Waiporia modica
- Conservation status: Data Deficit (NZ TCS)

Scientific classification
- Kingdom: Animalia
- Phylum: Arthropoda
- Subphylum: Chelicerata
- Class: Arachnida
- Order: Araneae
- Infraorder: Araneomorphae
- Family: Orsolobidae
- Genus: Waiporia
- Species: W. modica
- Binomial name: Waiporia modica (Forster, 1956)
- Synonyms: Ascuta modica

= Waiporia modica =

- Authority: (Forster, 1956)
- Conservation status: DD
- Synonyms: Ascuta modica

Species of spider

Waiporia modica is a species of Orsolobidae that is endemic to New Zealand.

==Taxonomy==
This species was described as Ascuta mensa in 1956 by Ray Forster from a male specimen collected in Christchurch. In 1985, it was moved into the Waiporia genus and the female was described.

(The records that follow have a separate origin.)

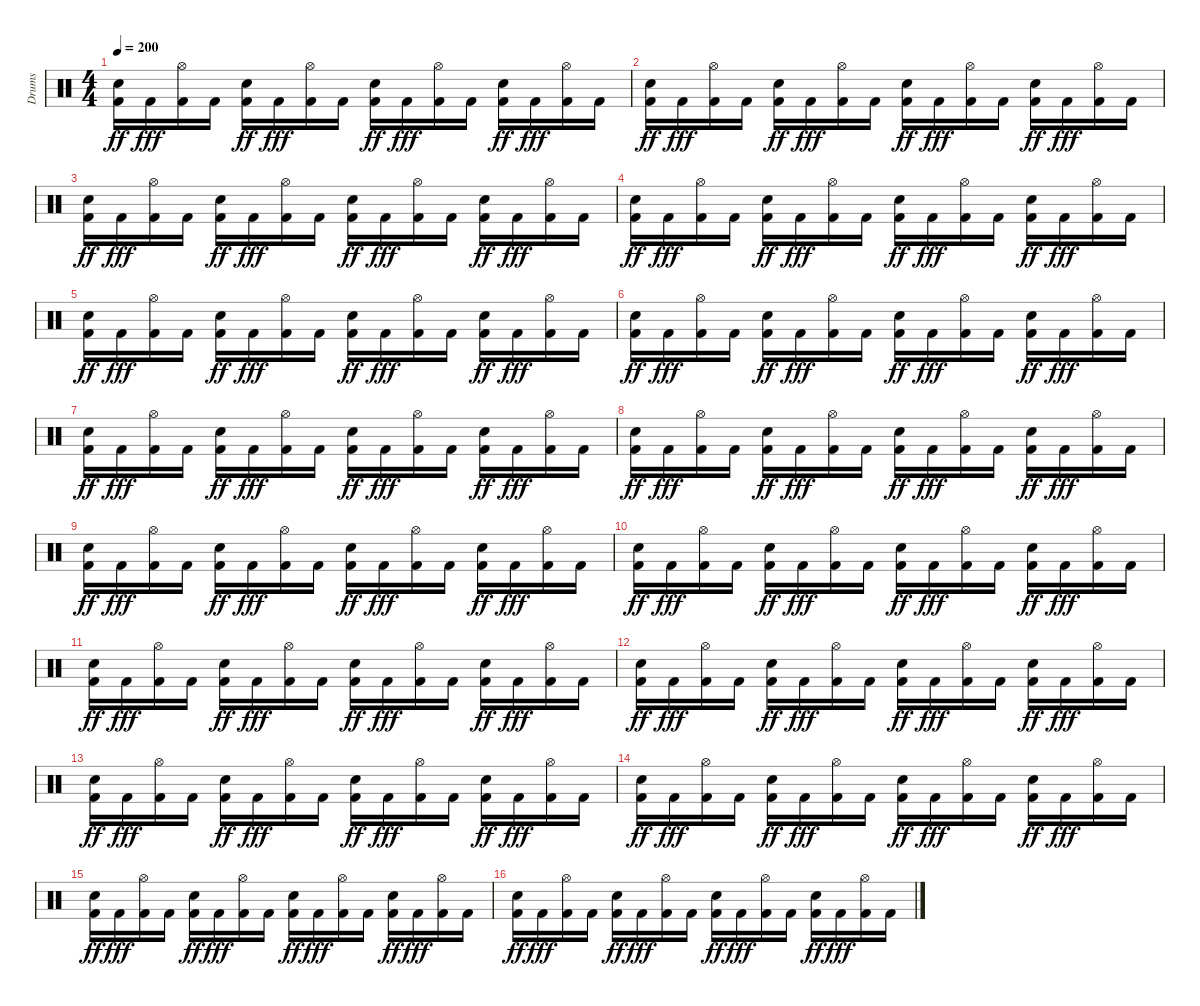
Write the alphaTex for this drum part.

\track ("Drums" "Drums") {instrument percussion}
\staff {score}
\articulation defaults
\ts (4 4)
\tempo 200
\clef neutral
\ks c
("Kick (hit) 2" "Electric Snare (hit)").16{dy ff} "Kick (hit) 2".16{dy fff} ("Kick (hit) 2" "Hi-Hat (open)").16 "Kick (hit) 2".16 ("Kick (hit) 2" "Electric Snare (hit)").16{dy ff} "Kick (hit) 2".16{dy fff} ("Kick (hit) 2" "Hi-Hat (open)").16 "Kick (hit) 2".16 ("Kick (hit) 2" "Electric Snare (hit)").16{dy ff} "Kick (hit) 2".16{dy fff} ("Kick (hit) 2" "Hi-Hat (open)").16 "Kick (hit) 2".16 ("Kick (hit) 2" "Electric Snare (hit)").16{dy ff} "Kick (hit) 2".16{dy fff} ("Kick (hit) 2" "Hi-Hat (open)").16 "Kick (hit) 2".16 |
("Kick (hit) 2" "Electric Snare (hit)").16{dy ff} "Kick (hit) 2".16{dy fff} ("Kick (hit) 2" "Hi-Hat (open)").16 "Kick (hit) 2".16 ("Kick (hit) 2" "Electric Snare (hit)").16{dy ff} "Kick (hit) 2".16{dy fff} ("Kick (hit) 2" "Hi-Hat (open)").16 "Kick (hit) 2".16 ("Kick (hit) 2" "Electric Snare (hit)").16{dy ff} "Kick (hit) 2".16{dy fff} ("Kick (hit) 2" "Hi-Hat (open)").16 "Kick (hit) 2".16 ("Kick (hit) 2" "Electric Snare (hit)").16{dy ff} "Kick (hit) 2".16{dy fff} ("Kick (hit) 2" "Hi-Hat (open)").16 "Kick (hit) 2".16 |
("Kick (hit) 2" "Electric Snare (hit)").16{dy ff} "Kick (hit) 2".16{dy fff} ("Kick (hit) 2" "Hi-Hat (open)").16 "Kick (hit) 2".16 ("Kick (hit) 2" "Electric Snare (hit)").16{dy ff} "Kick (hit) 2".16{dy fff} ("Kick (hit) 2" "Hi-Hat (open)").16 "Kick (hit) 2".16 ("Kick (hit) 2" "Electric Snare (hit)").16{dy ff} "Kick (hit) 2".16{dy fff} ("Kick (hit) 2" "Hi-Hat (open)").16 "Kick (hit) 2".16 ("Kick (hit) 2" "Electric Snare (hit)").16{dy ff} "Kick (hit) 2".16{dy fff} ("Kick (hit) 2" "Hi-Hat (open)").16 "Kick (hit) 2".16 |
("Kick (hit) 2" "Electric Snare (hit)").16{dy ff} "Kick (hit) 2".16{dy fff} ("Kick (hit) 2" "Hi-Hat (open)").16 "Kick (hit) 2".16 ("Kick (hit) 2" "Electric Snare (hit)").16{dy ff} "Kick (hit) 2".16{dy fff} ("Kick (hit) 2" "Hi-Hat (open)").16 "Kick (hit) 2".16 ("Kick (hit) 2" "Electric Snare (hit)").16{dy ff} "Kick (hit) 2".16{dy fff} ("Kick (hit) 2" "Hi-Hat (open)").16 "Kick (hit) 2".16 ("Kick (hit) 2" "Electric Snare (hit)").16{dy ff} "Kick (hit) 2".16{dy fff} ("Kick (hit) 2" "Hi-Hat (open)").16 "Kick (hit) 2".16 |
("Kick (hit) 2" "Electric Snare (hit)").16{dy ff} "Kick (hit) 2".16{dy fff} ("Kick (hit) 2" "Hi-Hat (open)").16 "Kick (hit) 2".16 ("Kick (hit) 2" "Electric Snare (hit)").16{dy ff} "Kick (hit) 2".16{dy fff} ("Kick (hit) 2" "Hi-Hat (open)").16 "Kick (hit) 2".16 ("Kick (hit) 2" "Electric Snare (hit)").16{dy ff} "Kick (hit) 2".16{dy fff} ("Kick (hit) 2" "Hi-Hat (open)").16 "Kick (hit) 2".16 ("Kick (hit) 2" "Electric Snare (hit)").16{dy ff} "Kick (hit) 2".16{dy fff} ("Kick (hit) 2" "Hi-Hat (open)").16 "Kick (hit) 2".16 |
("Kick (hit) 2" "Electric Snare (hit)").16{dy ff} "Kick (hit) 2".16{dy fff} ("Kick (hit) 2" "Hi-Hat (open)").16 "Kick (hit) 2".16 ("Kick (hit) 2" "Electric Snare (hit)").16{dy ff} "Kick (hit) 2".16{dy fff} ("Kick (hit) 2" "Hi-Hat (open)").16 "Kick (hit) 2".16 ("Kick (hit) 2" "Electric Snare (hit)").16{dy ff} "Kick (hit) 2".16{dy fff} ("Kick (hit) 2" "Hi-Hat (open)").16 "Kick (hit) 2".16 ("Kick (hit) 2" "Electric Snare (hit)").16{dy ff} "Kick (hit) 2".16{dy fff} ("Kick (hit) 2" "Hi-Hat (open)").16 "Kick (hit) 2".16 |
("Kick (hit) 2" "Electric Snare (hit)").16{dy ff} "Kick (hit) 2".16{dy fff} ("Kick (hit) 2" "Hi-Hat (open)").16 "Kick (hit) 2".16 ("Kick (hit) 2" "Electric Snare (hit)").16{dy ff} "Kick (hit) 2".16{dy fff} ("Kick (hit) 2" "Hi-Hat (open)").16 "Kick (hit) 2".16 ("Kick (hit) 2" "Electric Snare (hit)").16{dy ff} "Kick (hit) 2".16{dy fff} ("Kick (hit) 2" "Hi-Hat (open)").16 "Kick (hit) 2".16 ("Kick (hit) 2" "Electric Snare (hit)").16{dy ff} "Kick (hit) 2".16{dy fff} ("Kick (hit) 2" "Hi-Hat (open)").16 "Kick (hit) 2".16 |
("Kick (hit) 2" "Electric Snare (hit)").16{dy ff} "Kick (hit) 2".16{dy fff} ("Kick (hit) 2" "Hi-Hat (open)").16 "Kick (hit) 2".16 ("Kick (hit) 2" "Electric Snare (hit)").16{dy ff} "Kick (hit) 2".16{dy fff} ("Kick (hit) 2" "Hi-Hat (open)").16 "Kick (hit) 2".16 ("Kick (hit) 2" "Electric Snare (hit)").16{dy ff} "Kick (hit) 2".16{dy fff} ("Kick (hit) 2" "Hi-Hat (open)").16 "Kick (hit) 2".16 ("Kick (hit) 2" "Electric Snare (hit)").16{dy ff} "Kick (hit) 2".16{dy fff} ("Kick (hit) 2" "Hi-Hat (open)").16 "Kick (hit) 2".16 |
("Kick (hit) 2" "Electric Snare (hit)").16{dy ff} "Kick (hit) 2".16{dy fff} ("Kick (hit) 2" "Hi-Hat (open)").16 "Kick (hit) 2".16 ("Kick (hit) 2" "Electric Snare (hit)").16{dy ff} "Kick (hit) 2".16{dy fff} ("Kick (hit) 2" "Hi-Hat (open)").16 "Kick (hit) 2".16 ("Kick (hit) 2" "Electric Snare (hit)").16{dy ff} "Kick (hit) 2".16{dy fff} ("Kick (hit) 2" "Hi-Hat (open)").16 "Kick (hit) 2".16 ("Kick (hit) 2" "Electric Snare (hit)").16{dy ff} "Kick (hit) 2".16{dy fff} ("Kick (hit) 2" "Hi-Hat (open)").16 "Kick (hit) 2".16 |
("Kick (hit) 2" "Electric Snare (hit)").16{dy ff} "Kick (hit) 2".16{dy fff} ("Kick (hit) 2" "Hi-Hat (open)").16 "Kick (hit) 2".16 ("Kick (hit) 2" "Electric Snare (hit)").16{dy ff} "Kick (hit) 2".16{dy fff} ("Kick (hit) 2" "Hi-Hat (open)").16 "Kick (hit) 2".16 ("Kick (hit) 2" "Electric Snare (hit)").16{dy ff} "Kick (hit) 2".16{dy fff} ("Kick (hit) 2" "Hi-Hat (open)").16 "Kick (hit) 2".16 ("Kick (hit) 2" "Electric Snare (hit)").16{dy ff} "Kick (hit) 2".16{dy fff} ("Kick (hit) 2" "Hi-Hat (open)").16 "Kick (hit) 2".16 |
("Kick (hit) 2" "Electric Snare (hit)").16{dy ff} "Kick (hit) 2".16{dy fff} ("Kick (hit) 2" "Hi-Hat (open)").16 "Kick (hit) 2".16 ("Kick (hit) 2" "Electric Snare (hit)").16{dy ff} "Kick (hit) 2".16{dy fff} ("Kick (hit) 2" "Hi-Hat (open)").16 "Kick (hit) 2".16 ("Kick (hit) 2" "Electric Snare (hit)").16{dy ff} "Kick (hit) 2".16{dy fff} ("Kick (hit) 2" "Hi-Hat (open)").16 "Kick (hit) 2".16 ("Kick (hit) 2" "Electric Snare (hit)").16{dy ff} "Kick (hit) 2".16{dy fff} ("Kick (hit) 2" "Hi-Hat (open)").16 "Kick (hit) 2".16 |
("Kick (hit) 2" "Electric Snare (hit)").16{dy ff} "Kick (hit) 2".16{dy fff} ("Kick (hit) 2" "Hi-Hat (open)").16 "Kick (hit) 2".16 ("Kick (hit) 2" "Electric Snare (hit)").16{dy ff} "Kick (hit) 2".16{dy fff} ("Kick (hit) 2" "Hi-Hat (open)").16 "Kick (hit) 2".16 ("Kick (hit) 2" "Electric Snare (hit)").16{dy ff} "Kick (hit) 2".16{dy fff} ("Kick (hit) 2" "Hi-Hat (open)").16 "Kick (hit) 2".16 ("Kick (hit) 2" "Electric Snare (hit)").16{dy ff} "Kick (hit) 2".16{dy fff} ("Kick (hit) 2" "Hi-Hat (open)").16 "Kick (hit) 2".16 |
("Kick (hit) 2" "Electric Snare (hit)").16{dy ff} "Kick (hit) 2".16{dy fff} ("Kick (hit) 2" "Hi-Hat (open)").16 "Kick (hit) 2".16 ("Kick (hit) 2" "Electric Snare (hit)").16{dy ff} "Kick (hit) 2".16{dy fff} ("Kick (hit) 2" "Hi-Hat (open)").16 "Kick (hit) 2".16 ("Kick (hit) 2" "Electric Snare (hit)").16{dy ff} "Kick (hit) 2".16{dy fff} ("Kick (hit) 2" "Hi-Hat (open)").16 "Kick (hit) 2".16 ("Kick (hit) 2" "Electric Snare (hit)").16{dy ff} "Kick (hit) 2".16{dy fff} ("Kick (hit) 2" "Hi-Hat (open)").16 "Kick (hit) 2".16 |
("Kick (hit) 2" "Electric Snare (hit)").16{dy ff} "Kick (hit) 2".16{dy fff} ("Kick (hit) 2" "Hi-Hat (open)").16 "Kick (hit) 2".16 ("Kick (hit) 2" "Electric Snare (hit)").16{dy ff} "Kick (hit) 2".16{dy fff} ("Kick (hit) 2" "Hi-Hat (open)").16 "Kick (hit) 2".16 ("Kick (hit) 2" "Electric Snare (hit)").16{dy ff} "Kick (hit) 2".16{dy fff} ("Kick (hit) 2" "Hi-Hat (open)").16 "Kick (hit) 2".16 ("Kick (hit) 2" "Electric Snare (hit)").16{dy ff} "Kick (hit) 2".16{dy fff} ("Kick (hit) 2" "Hi-Hat (open)").16 "Kick (hit) 2".16 |
("Kick (hit) 2" "Electric Snare (hit)").16{dy ff} "Kick (hit) 2".16{dy fff} ("Kick (hit) 2" "Hi-Hat (open)").16 "Kick (hit) 2".16 ("Kick (hit) 2" "Electric Snare (hit)").16{dy ff} "Kick (hit) 2".16{dy fff} ("Kick (hit) 2" "Hi-Hat (open)").16 "Kick (hit) 2".16 ("Kick (hit) 2" "Electric Snare (hit)").16{dy ff} "Kick (hit) 2".16{dy fff} ("Kick (hit) 2" "Hi-Hat (open)").16 "Kick (hit) 2".16 ("Kick (hit) 2" "Electric Snare (hit)").16{dy ff} "Kick (hit) 2".16{dy fff} ("Kick (hit) 2" "Hi-Hat (open)").16 "Kick (hit) 2".16 |
("Kick (hit) 2" "Electric Snare (hit)").16{dy ff} "Kick (hit) 2".16{dy fff} ("Kick (hit) 2" "Hi-Hat (open)").16 "Kick (hit) 2".16 ("Kick (hit) 2" "Electric Snare (hit)").16{dy ff} "Kick (hit) 2".16{dy fff} ("Kick (hit) 2" "Hi-Hat (open)").16 "Kick (hit) 2".16 ("Kick (hit) 2" "Electric Snare (hit)").16{dy ff} "Kick (hit) 2".16{dy fff} ("Kick (hit) 2" "Hi-Hat (open)").16 "Kick (hit) 2".16 ("Kick (hit) 2" "Electric Snare (hit)").16{dy ff} "Kick (hit) 2".16{dy fff} ("Kick (hit) 2" "Hi-Hat (open)").16 "Kick (hit) 2".16

The holotype is stored in Canterbury Museum.

==Description==
The male is recorded at 2.13mm in length whereas the female is 2.47mm. This species has dark brown legs, dark orange brown carapace and a creamy white abdomen that has a chevron pattern dorsally.

==Distribution==
This species is only known from Christchurch and Banks Peninsula in New Zealand.

==Conservation status==
Under the New Zealand Threat Classification System, this species is listed as "Data Deficient" with the qualifiers of "Data Poor: Size" and "Data Poor: Trend".